** Opening Entries provided block **
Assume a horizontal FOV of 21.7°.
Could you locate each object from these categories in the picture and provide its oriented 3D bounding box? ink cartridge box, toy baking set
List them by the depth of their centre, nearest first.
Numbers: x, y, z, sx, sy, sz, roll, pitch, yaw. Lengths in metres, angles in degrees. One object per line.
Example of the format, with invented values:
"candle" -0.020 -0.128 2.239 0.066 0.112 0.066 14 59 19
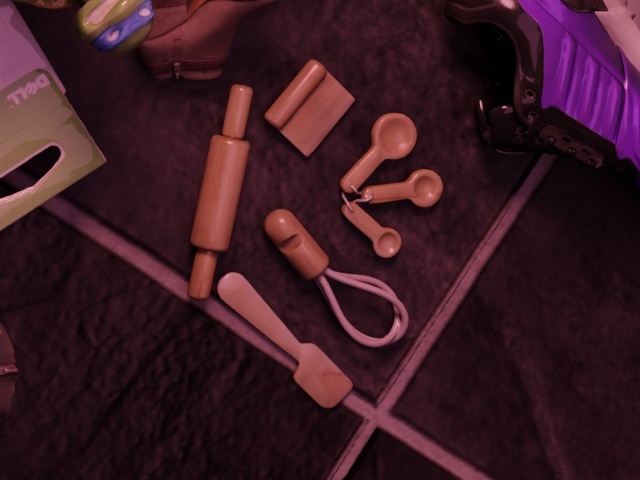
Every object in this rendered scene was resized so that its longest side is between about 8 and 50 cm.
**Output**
"ink cartridge box" -0.248 -0.116 1.131 0.109 0.062 0.209 -34 110 -13
"toy baking set" -0.006 -0.003 1.261 0.196 0.030 0.256 15 95 -23

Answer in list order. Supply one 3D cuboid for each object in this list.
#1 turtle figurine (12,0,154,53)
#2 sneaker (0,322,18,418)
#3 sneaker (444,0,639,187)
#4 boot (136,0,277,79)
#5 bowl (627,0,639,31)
"turtle figurine" -0.191 -0.232 0.977 0.198 0.274 0.266 -39 90 24
"sneaker" -0.283 0.028 1.149 0.118 0.083 0.222 -9 97 -38
"sneaker" 0.196 -0.102 1.289 0.146 0.102 0.293 -39 106 -6
"boot" -0.074 -0.153 1.184 0.118 0.042 0.087 -2 137 -3
"bowl" 0.373 -0.245 1.305 0.297 0.134 0.298 -4 102 -21
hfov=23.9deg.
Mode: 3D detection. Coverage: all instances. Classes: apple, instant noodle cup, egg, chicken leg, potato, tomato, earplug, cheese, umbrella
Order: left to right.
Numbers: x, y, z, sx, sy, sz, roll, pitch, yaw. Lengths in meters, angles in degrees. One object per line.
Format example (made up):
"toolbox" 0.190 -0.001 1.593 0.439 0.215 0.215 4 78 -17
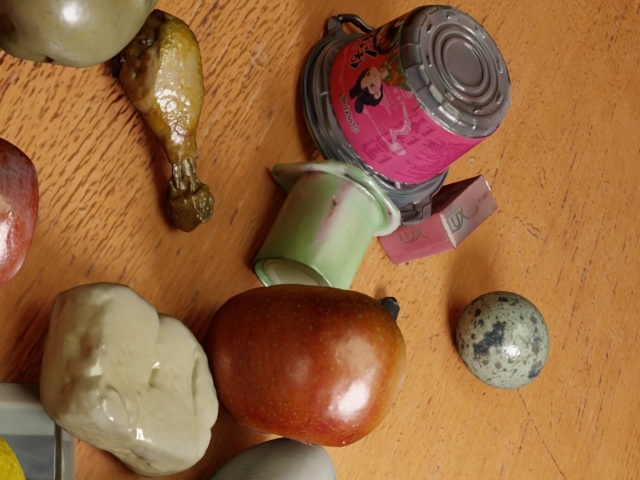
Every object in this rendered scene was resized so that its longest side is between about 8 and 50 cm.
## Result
"tomato" -0.328 -0.033 1.383 0.167 0.167 0.167 15 72 -52
"potato" -0.242 -0.330 1.499 0.243 0.221 0.326 35 66 -34
"cheese" -0.193 0.148 1.557 0.263 0.093 0.159 44 44 -56
"chicken leg" -0.163 -0.132 1.690 0.107 0.087 0.251 -26 111 -42
"earplug" -0.073 0.319 1.653 0.324 0.185 0.185 -43 118 -54
"apple" -0.022 0.142 1.693 0.210 0.235 0.173 11 77 -29
"umbrella" 0.078 0.132 2.014 0.036 0.031 0.133 80 24 -52
"instant noodle cup" 0.128 -0.191 1.958 0.258 0.182 0.302 -21 84 -45
"egg" 0.265 0.148 2.181 0.172 0.132 0.132 61 39 -46

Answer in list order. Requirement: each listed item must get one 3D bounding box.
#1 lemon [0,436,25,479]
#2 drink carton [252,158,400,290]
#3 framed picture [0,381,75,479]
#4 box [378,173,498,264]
"lemon" -0.329 0.236 1.264 0.180 0.181 0.193 -20 99 -54
"drink carton" 0.000 0.000 1.844 0.146 0.144 0.142 50 52 -36
"framed picture" -0.384 0.279 1.346 0.446 0.028 0.326 10 75 -53
"box" 0.163 -0.029 2.093 0.156 0.111 0.060 -39 107 -52
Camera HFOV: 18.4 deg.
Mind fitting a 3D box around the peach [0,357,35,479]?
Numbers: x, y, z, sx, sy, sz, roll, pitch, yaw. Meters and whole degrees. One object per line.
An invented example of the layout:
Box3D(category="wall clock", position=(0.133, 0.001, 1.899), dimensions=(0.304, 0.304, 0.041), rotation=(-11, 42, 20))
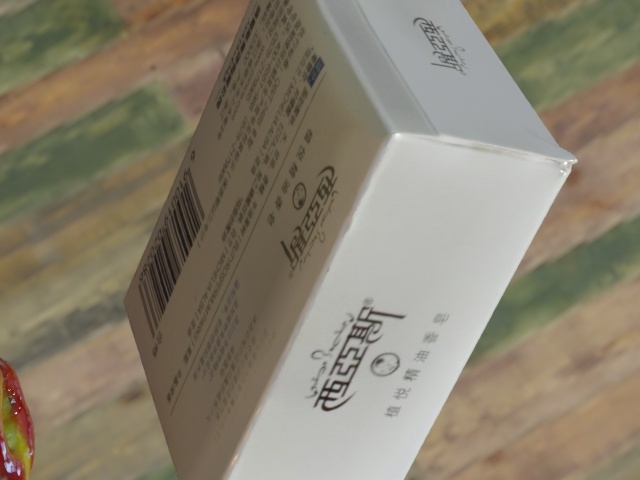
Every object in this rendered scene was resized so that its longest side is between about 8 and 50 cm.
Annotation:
Box3D(category="peach", position=(-0.360, 0.172, 1.654), dimensions=(0.226, 0.196, 0.190), rotation=(-13, -176, 8))

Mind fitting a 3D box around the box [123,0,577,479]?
Box3D(category="box", position=(0.002, 0.001, 1.103), dimensions=(0.116, 0.203, 0.274), rotation=(9, 122, -26))
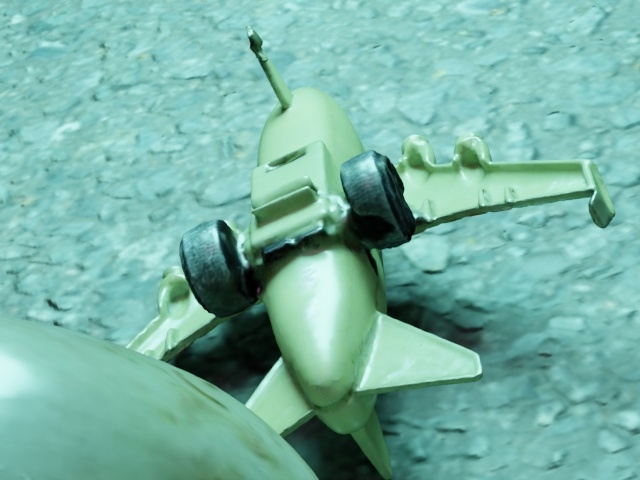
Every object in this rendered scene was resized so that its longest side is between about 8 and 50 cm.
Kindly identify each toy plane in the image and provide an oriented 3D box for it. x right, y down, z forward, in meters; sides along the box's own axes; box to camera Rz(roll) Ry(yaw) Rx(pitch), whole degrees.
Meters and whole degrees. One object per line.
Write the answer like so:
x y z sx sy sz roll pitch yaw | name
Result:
0.000 0.000 0.774 0.242 0.104 0.256 -25 39 13 | toy plane

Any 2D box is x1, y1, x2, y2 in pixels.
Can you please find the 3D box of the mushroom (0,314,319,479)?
-0.105 0.147 0.533 0.243 0.243 0.243 -10 35 7 | mushroom
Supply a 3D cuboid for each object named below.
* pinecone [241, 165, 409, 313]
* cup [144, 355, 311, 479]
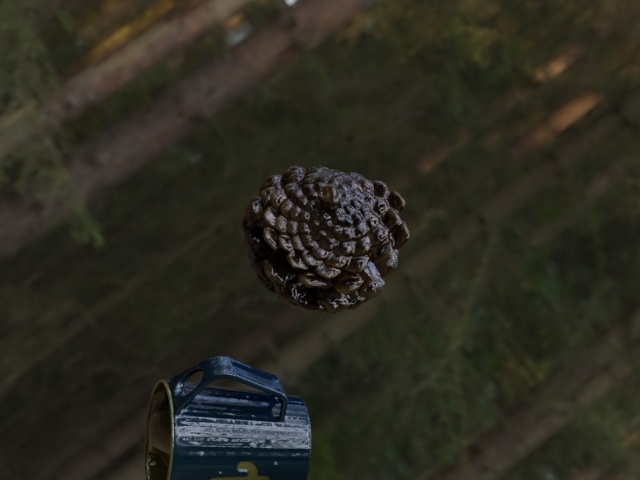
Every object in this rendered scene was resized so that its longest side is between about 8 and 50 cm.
[{"bbox_3d":[0.001,-0.002,2.082,0.185,0.169,0.212,20,-4,-2],"label":"pinecone"},{"bbox_3d":[-0.092,0.198,1.885,0.131,0.155,0.176,-108,-151,-49],"label":"cup"}]
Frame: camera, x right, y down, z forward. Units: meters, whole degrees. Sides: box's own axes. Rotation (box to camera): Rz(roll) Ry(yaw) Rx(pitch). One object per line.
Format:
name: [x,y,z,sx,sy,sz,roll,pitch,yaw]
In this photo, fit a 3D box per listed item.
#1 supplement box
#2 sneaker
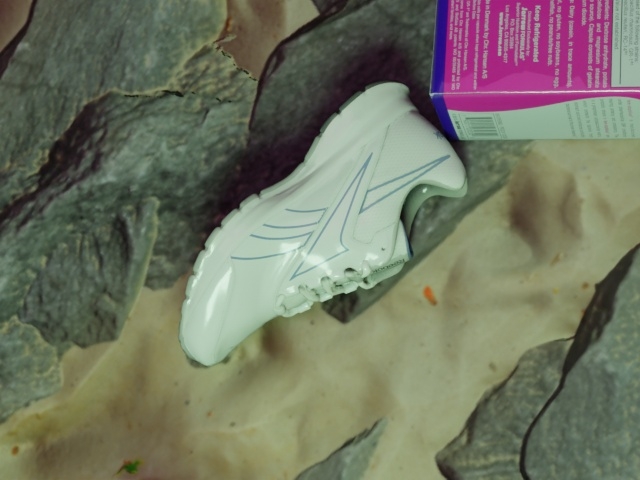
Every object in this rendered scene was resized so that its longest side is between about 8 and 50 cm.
supplement box: [0.211,-0.152,1.542,0.220,0.111,0.114,2,73,12]
sneaker: [0.000,0.000,1.548,0.129,0.111,0.297,43,87,15]
** Closing Entries provided block **
→ About this exercise
Only an exact, picture-free copy of the entries counts as the answer.

→ Exercise solution
Assume a horizontal FOV of 21.7°.
Could you locate each object from these categories in the picture and provide its oriented 3D bounding box? ink cartridge box, toy baking set
List them by the depth of their centre, nearest first.
Numbers: x, y, z, sx, sy, sz, roll, pitch, yaw. Lengths in metres, angles in degrees. One object per line.
Example of the format, with invented values:
"candle" -0.020 -0.128 2.239 0.066 0.112 0.066 14 59 19
Every object in this rendered scene was resized so that its longest side is between about 8 and 50 cm.
**Output**
"ink cartridge box" -0.248 -0.116 1.131 0.109 0.062 0.209 -34 110 -13
"toy baking set" -0.006 -0.003 1.261 0.196 0.030 0.256 15 95 -23

Answer in list order. Supply one 3D cuboid for each object in this list.
#1 turtle figurine (12,0,154,53)
#2 sneaker (0,322,18,418)
#3 sneaker (444,0,639,187)
#4 boot (136,0,277,79)
#5 bowl (627,0,639,31)
"turtle figurine" -0.191 -0.232 0.977 0.198 0.274 0.266 -39 90 24
"sneaker" -0.283 0.028 1.149 0.118 0.083 0.222 -9 97 -38
"sneaker" 0.196 -0.102 1.289 0.146 0.102 0.293 -39 106 -6
"boot" -0.074 -0.153 1.184 0.118 0.042 0.087 -2 137 -3
"bowl" 0.373 -0.245 1.305 0.297 0.134 0.298 -4 102 -21
hfov=23.9deg.
Mode: 3D detection. Coverage: all instances. Classes: apple, instant noodle cup, egg, chicken leg, potato, tomato, earplug, cheese, umbrella
Order: left to right.
Numbers: x, y, z, sx, sy, sz, roll, pitch, yaw. Lengths in meters, angles in degrees. One object per line.
Format example (made up):
"toolbox" 0.190 -0.001 1.593 0.439 0.215 0.215 4 78 -17
Every object in this rendered scene was resized so that its longest side is between about 8 and 50 cm.
## Result
"tomato" -0.328 -0.033 1.383 0.167 0.167 0.167 15 72 -52
"potato" -0.242 -0.330 1.499 0.243 0.221 0.326 35 66 -34
"cheese" -0.193 0.148 1.557 0.263 0.093 0.159 44 44 -56
"chicken leg" -0.163 -0.132 1.690 0.107 0.087 0.251 -26 111 -42
"earplug" -0.073 0.319 1.653 0.324 0.185 0.185 -43 118 -54
"apple" -0.022 0.142 1.693 0.210 0.235 0.173 11 77 -29
"umbrella" 0.078 0.132 2.014 0.036 0.031 0.133 80 24 -52
"instant noodle cup" 0.128 -0.191 1.958 0.258 0.182 0.302 -21 84 -45
"egg" 0.265 0.148 2.181 0.172 0.132 0.132 61 39 -46

Answer in list order. Requirement: each listed item must get one 3D bounding box.
#1 lemon [0,436,25,479]
#2 drink carton [252,158,400,290]
#3 framed picture [0,381,75,479]
#4 box [378,173,498,264]
"lemon" -0.329 0.236 1.264 0.180 0.181 0.193 -20 99 -54
"drink carton" 0.000 0.000 1.844 0.146 0.144 0.142 50 52 -36
"framed picture" -0.384 0.279 1.346 0.446 0.028 0.326 10 75 -53
"box" 0.163 -0.029 2.093 0.156 0.111 0.060 -39 107 -52
Camera HFOV: 18.4 deg.
Mind fitting a 3D box around the peach [0,357,35,479]?
Numbers: x, y, z, sx, sy, sz, roll, pitch, yaw. Meters and whole degrees. One object per line.
An invented example of the layout:
Box3D(category="wall clock", position=(0.133, 0.001, 1.899), dimensions=(0.304, 0.304, 0.041), rotation=(-11, 42, 20))
Every object in this rendered scene was resized so that its longest side is between about 8 and 50 cm.
Annotation:
Box3D(category="peach", position=(-0.360, 0.172, 1.654), dimensions=(0.226, 0.196, 0.190), rotation=(-13, -176, 8))

Mind fitting a 3D box around the box [123,0,577,479]?
Box3D(category="box", position=(0.002, 0.001, 1.103), dimensions=(0.116, 0.203, 0.274), rotation=(9, 122, -26))
Every object in this rendered scene was resized so that its longest side is between about 8 and 50 cm.
Kindly identify each toy plane in the image and provide an oriented 3D box for it. x right, y down, z forward, in meters; sides along the box's own axes; box to camera Rz(roll) Ry(yaw) Rx(pitch), whole degrees.
Meters and whole degrees. One object per line.
Write the answer like so:
x y z sx sy sz roll pitch yaw | name
Result:
0.000 0.000 0.774 0.242 0.104 0.256 -25 39 13 | toy plane

Any 2D box is x1, y1, x2, y2 in pixels.
Can you please find the 3D box of the mushroom (0,314,319,479)?
-0.105 0.147 0.533 0.243 0.243 0.243 -10 35 7 | mushroom
Supply a 3D cuboid for each object named below.
* pinecone [241, 165, 409, 313]
* cup [144, 355, 311, 479]
Every object in this rendered scene was resized so that its longest side is between about 8 and 50 cm.
[{"bbox_3d":[0.001,-0.002,2.082,0.185,0.169,0.212,20,-4,-2],"label":"pinecone"},{"bbox_3d":[-0.092,0.198,1.885,0.131,0.155,0.176,-108,-151,-49],"label":"cup"}]
Frame: camera, x right, y down, z forward. Units: meters, whole degrees. Sides: box's own axes. Rotation (box to camera): Rz(roll) Ry(yaw) Rx(pitch). One object per line.
Format:
name: [x,y,z,sx,sy,sz,roll,pitch,yaw]
In this photo, fit a 3D box per listed item.
#1 supplement box
#2 sneaker
Every object in this rendered scene was resized so that its longest side is between about 8 and 50 cm.
supplement box: [0.211,-0.152,1.542,0.220,0.111,0.114,2,73,12]
sneaker: [0.000,0.000,1.548,0.129,0.111,0.297,43,87,15]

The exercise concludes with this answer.